Na estimativa de Gottlieb, o volume é de mais de 20 bilhões de comprovantes mensais “Será preciso derrubar aproximadamente 900 árvores por dia para atender plenamente à Portaria. Enquanto se migra para o sistema informatizado com nota fiscal e votação eletrônica, a medida nada na corrente contrária”, ilustra o diretor.
Concebidos para ser prova em futuros processos, os comprovantes, de acordo com Gottlieb, porém, podem ser falsificados por um editor de textos e um computador.
Homologação
O prazo de um ano para desenvolver, fabricar, homologar, treinar internamente, comercializar, distribuir e instalar os REPs é também queixa dos fabricantes. De acordo com o diretor da Abrep, as empresas ainda não estão preparadas para atender às especificações, embora venham tentando se adequar. Uma das ações foi a criação da associação: “Estamos à disposição do MET para auxiliar na elaboração e aplicação de novo processo de ponto eletrônico”, adianta o diretor defendendo ser uma lei com trâmite no Parlamento mais adequada.
De acordo com a Portaria, os equipamentos somente podem ser comercializados após cadastramento do fabricante no MTE e registro dos modelos, que precisam apresentar o Certificado de Conformidade à Legislação, emitido por órgão técnico credenciado, além de Atestado Técnico e Termo de Responsabilidade assinado pelos responsáveis técnico e legal da empresa.
A homologação vem sendo feita por dois institutos atualmente. “O segundo órgão, porém, ainda está esperando uma formalização do roteiro de testes a ser praticado, de modo que as certificações sejam feitas uniformemente”, adverte o diretor da Abrep.
As dificuldades de implementação, temem os fabricantes, podem causar um efeito retroativo. Como a Portaria não eliminou a forma manual (caderno de ponto) ou mecânica (cartão de ponto) há expectativa de que muitas empresas abandonem a marcação eletrônica e que as não obrigadas deixem de registrar a jornada. “É possível que empresários de micro e pequenas empresas voltem a fazer o controle por meio do antigo relógio cartográfico de ponto, deixando o registro eletrônico, uma importante ferramenta de gestão”, sinaliza o diretor da Abrep.

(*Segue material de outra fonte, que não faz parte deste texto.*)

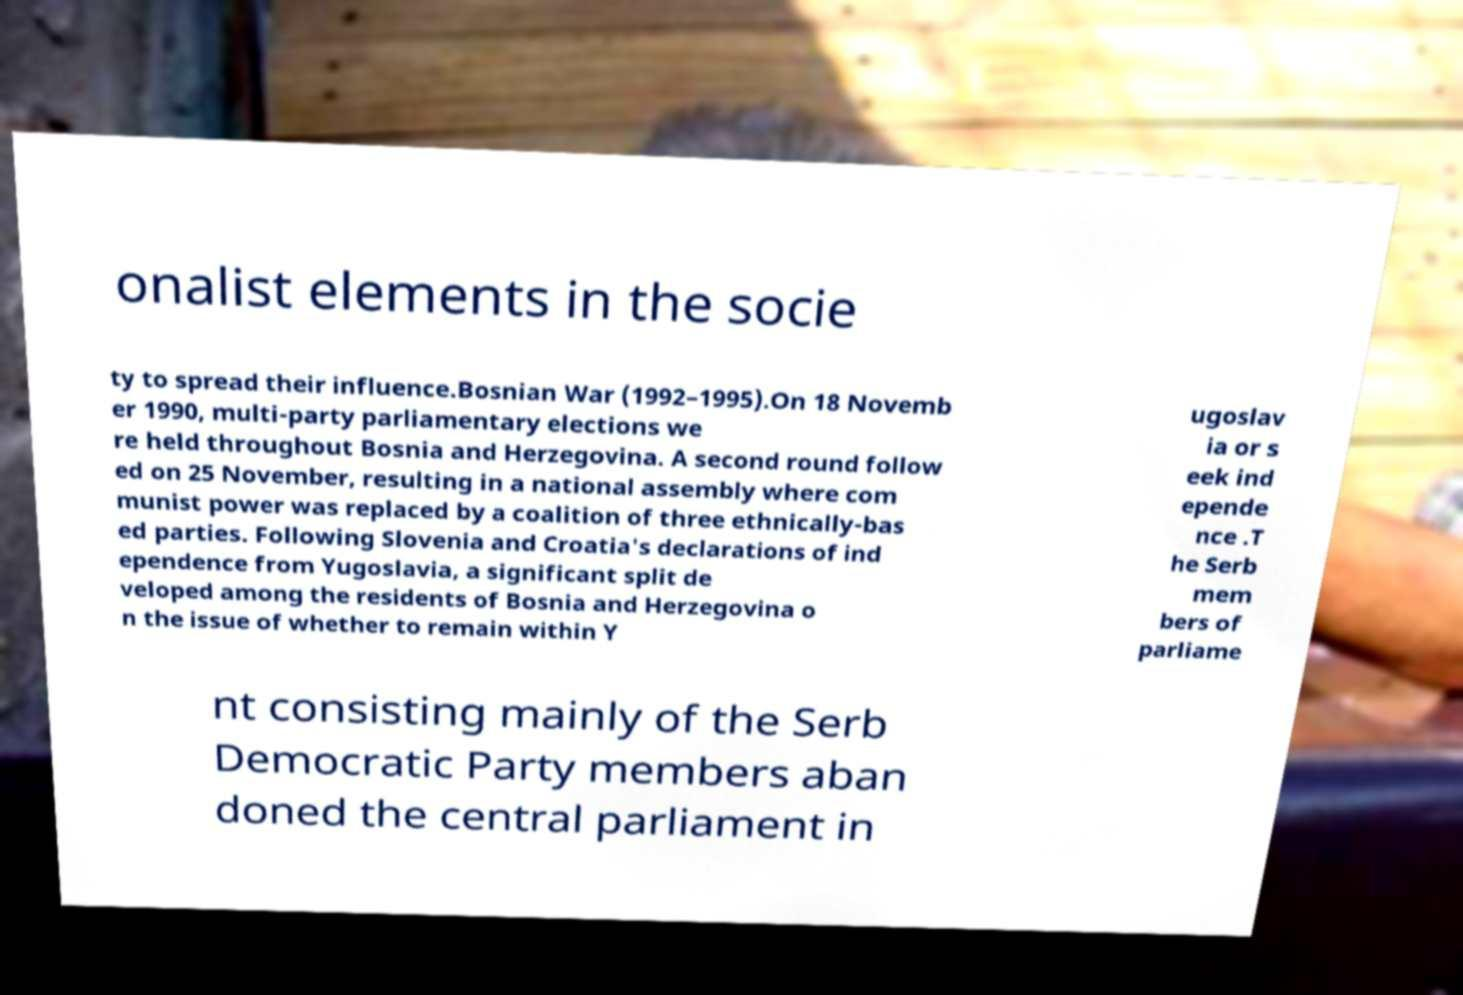Can you accurately transcribe the text from the provided image for me? onalist elements in the socie ty to spread their influence.Bosnian War (1992–1995).On 18 Novemb er 1990, multi-party parliamentary elections we re held throughout Bosnia and Herzegovina. A second round follow ed on 25 November, resulting in a national assembly where com munist power was replaced by a coalition of three ethnically-bas ed parties. Following Slovenia and Croatia's declarations of ind ependence from Yugoslavia, a significant split de veloped among the residents of Bosnia and Herzegovina o n the issue of whether to remain within Y ugoslav ia or s eek ind epende nce .T he Serb mem bers of parliame nt consisting mainly of the Serb Democratic Party members aban doned the central parliament in 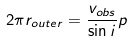<formula> <loc_0><loc_0><loc_500><loc_500>2 \pi r _ { o u t e r } = \frac { v _ { o b s } } { \sin i } p</formula> 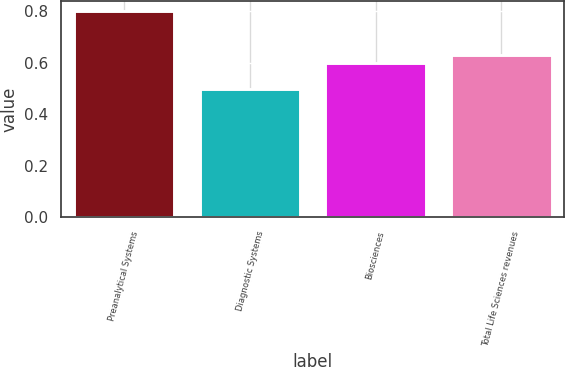Convert chart to OTSL. <chart><loc_0><loc_0><loc_500><loc_500><bar_chart><fcel>Preanalytical Systems<fcel>Diagnostic Systems<fcel>Biosciences<fcel>Total Life Sciences revenues<nl><fcel>0.8<fcel>0.5<fcel>0.6<fcel>0.63<nl></chart>

Por outro lado, o controle seguro pode evitar processos infundados.
Penalidade
As empresas têm até 25 de agosto para instalar o novo equipamento. O prazo do novo software de tratamento de dados já está esgotado. Quem não se adequou deve providenciar junto a fornecedor e se cadastrar no site do Ministério do Trabalho.

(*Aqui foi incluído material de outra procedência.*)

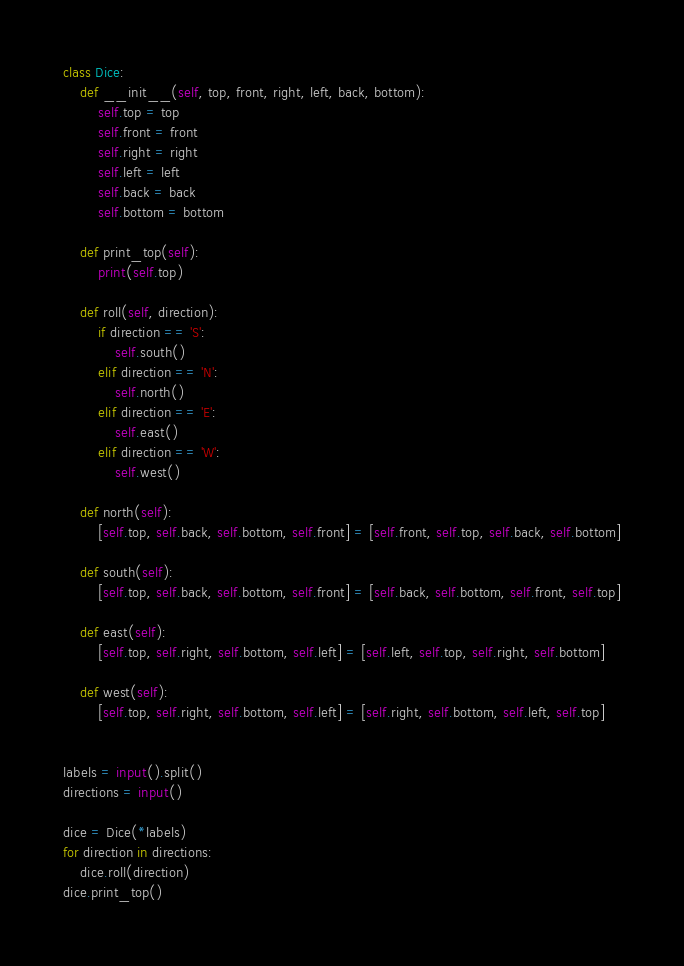<code> <loc_0><loc_0><loc_500><loc_500><_Python_>class Dice:
    def __init__(self, top, front, right, left, back, bottom):
        self.top = top
        self.front = front
        self.right = right
        self.left = left
        self.back = back
        self.bottom = bottom

    def print_top(self):
        print(self.top)

    def roll(self, direction):
        if direction == 'S':
            self.south()
        elif direction == 'N':
            self.north()
        elif direction == 'E':
            self.east()
        elif direction == 'W':
            self.west()

    def north(self):
        [self.top, self.back, self.bottom, self.front] = [self.front, self.top, self.back, self.bottom]

    def south(self):
        [self.top, self.back, self.bottom, self.front] = [self.back, self.bottom, self.front, self.top]

    def east(self):
        [self.top, self.right, self.bottom, self.left] = [self.left, self.top, self.right, self.bottom]

    def west(self):
        [self.top, self.right, self.bottom, self.left] = [self.right, self.bottom, self.left, self.top]


labels = input().split()
directions = input()

dice = Dice(*labels)
for direction in directions:
    dice.roll(direction)
dice.print_top()

</code>

O descumprimento da norma descaracteriza o controle da jornada, sujeitando as empresas a terem os registros invalidados na Justiça do Trabalho e, também, a serem multadas.

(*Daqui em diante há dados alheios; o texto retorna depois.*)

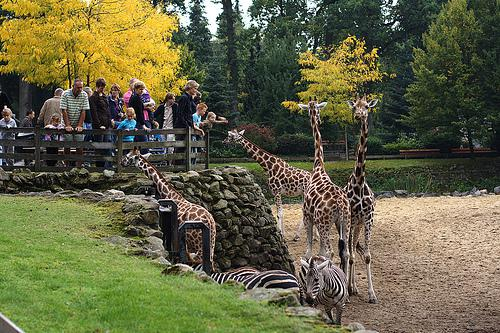Question: what animal is seen?
Choices:
A. Giraffe and zebra.
B. A goat.
C. A brown bear.
D. A cat and dog.
Answer with the letter. Answer: A Question: what is the color of the spots?
Choices:
A. Brown.
B. Yellow.
C. Blue.
D. Red.
Answer with the letter. Answer: A Question: how many giraffe are there?
Choices:
A. 5.
B. 6.
C. 7.
D. 4.
Answer with the letter. Answer: D Question: what is the color of the zebra?
Choices:
A. Black and white.
B. Yellow and Brown.
C. Black and Gold.
D. Blue and Green.
Answer with the letter. Answer: A Question: what is the color of the grass?
Choices:
A. Green.
B. Black.
C. Blue.
D. Pink.
Answer with the letter. Answer: A Question: what is the color of the fence?
Choices:
A. Yellow.
B. Blue.
C. Pink.
D. Grey.
Answer with the letter. Answer: D Question: where is the picture taken?
Choices:
A. In front of a statue.
B. In a zoo.
C. At the museum.
D. On a ferry.
Answer with the letter. Answer: B 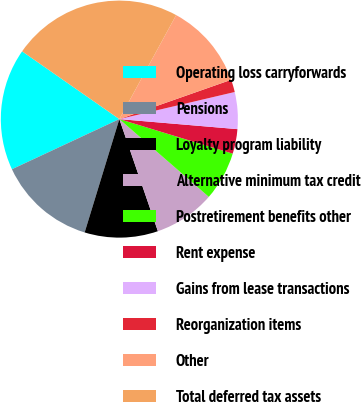<chart> <loc_0><loc_0><loc_500><loc_500><pie_chart><fcel>Operating loss carryforwards<fcel>Pensions<fcel>Loyalty program liability<fcel>Alternative minimum tax credit<fcel>Postretirement benefits other<fcel>Rent expense<fcel>Gains from lease transactions<fcel>Reorganization items<fcel>Other<fcel>Total deferred tax assets<nl><fcel>16.64%<fcel>13.32%<fcel>10.0%<fcel>8.34%<fcel>6.68%<fcel>3.36%<fcel>5.02%<fcel>1.71%<fcel>11.66%<fcel>23.27%<nl></chart> 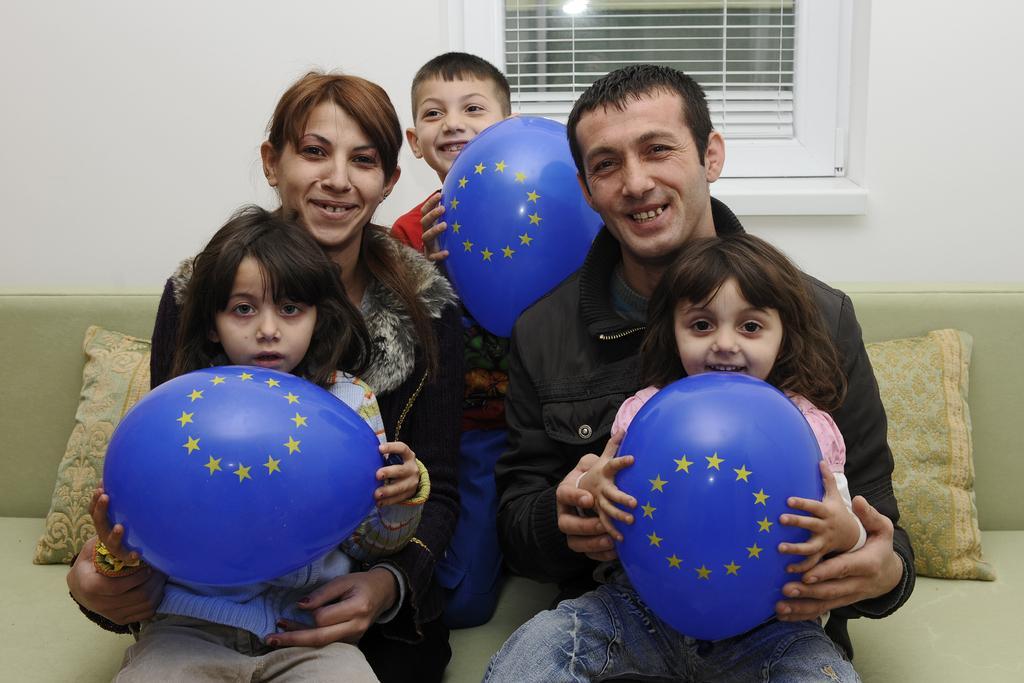Please provide a concise description of this image. In this image, we can see two persons wearing clothes and sitting on the sofa. There are three kids holding balloons with their hands. There is a window at the top of the image.

Contas em Revista procurou o MTE para que se pronunciasse sobre as novas exigências relativas ao registro de ponto eletrônico, mas não obteve retorno até o fechamento desta edição.
Fonte:








2 Responses to Acerte o seu relógio de ponto
ROSE
maio 17th, 2010 às 6:08 pm
O que acontece com os funcionarios engraçadinhos que estão marcando o horario no livro ponto errado, querendo extras que não fizeram. Ex: chega 09:00 e marca 08:00.
Rubens Bathke Junior
maio 18th, 2010 às 9:46 am
Rose… obrigado primeiramente pelo seu contato. Olha, aconselho questionar isso com o seu contador, especificamente no departamento pessoal. Mas até onde entendi na lei, cabem até 3 advertências… na 3ª você pode dispensar o funcionário por justa causa. Claro que é interessante criar uma normativa na empresa, e repassar via memorando para todos os funcionários assinarem, provando aí que todos estão cientes do limite de atraso permitido pela empresa. Existem também os relógios ponto onde a digital é necessária para marcar o ponto, mas o investimento tem que ser avaliado criteriosamente. Comprar um relógio-ponto eletrônico onde ninguém também vai cobrar o uso, não adianta nada. Todas as empresas tem que responder com várias obrigações junto ao ministério do trabalho… a idéia de que o funcionário não possuem obrigações também é errônea… ele tem deveres também. Se o diálogo não funcionar, cumpram-se as leis.